Remix.run Logo
cheschire 14 hours ago

I find a T-bill ladder works best for me. I keep half my emergency savings in 4 week bills. Given that my emergency savings is intended to sustain me for months, I can easily access the back half of my savings over the course of 4 weeks as each bill expires, returning another 12.5% of my emergency savings to me.

And in a worst case scenario where I can’t access the front half of my savings due to a bank run or other failure, I am only a week or so away from getting access to some part of my savings.

smallnamespace 13 hours ago | parent | next [-]

T-bills are highly liquid. You can sell them before they mature for very low transaction cost and get back their true market value, including the accrued interest, meaning there’s not much monetary benefit to staggering them week by week. You could just as well only roll them once a month and dip in freely if you need the cash.

SpicyLemonZest 8 hours ago | parent | prev [-]

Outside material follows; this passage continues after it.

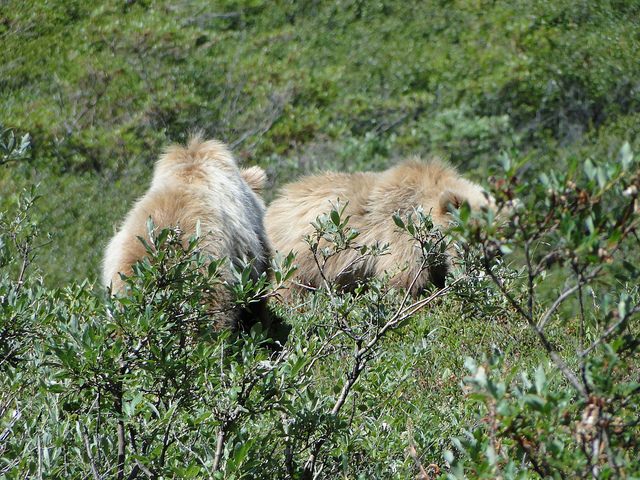How many animals are in the photo? 2 
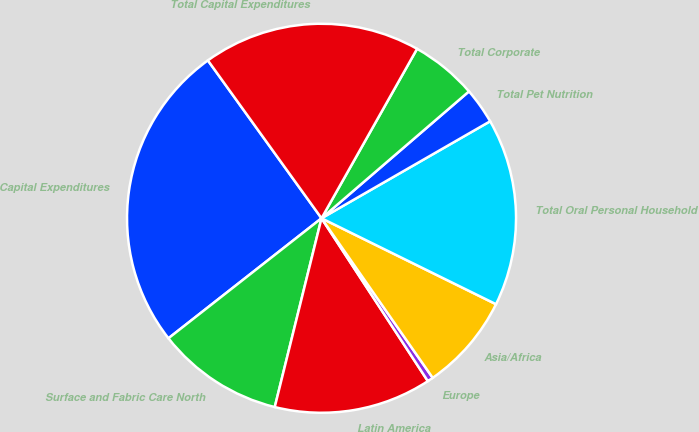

If you have the capability and discipline to perform a T-bill ladder, you've gotta understand that you're not the person who general financial advice is targeted to. Being deliberately vague, but I've lost nontrivial amounts of money simply because I got distracted when doing a critical financial task and only remembered to get back to it months later. I think I can safely speculate that the story in the source article would never happen to you because you could easily locate the right account numbers if you found yourself locked out of a financial webapp.

cheschire 5 hours ago | parent [-]

I appreciate the vote of confidence but to be clear I just set it up on auto-reinvest for 24 months. There’s an initial setup every two years but the rest is mindless.

Maybe you’re right though. I maintain a non-trivial amount of data in my password manager to ensure I always have a centralized place to begin the hunt for information.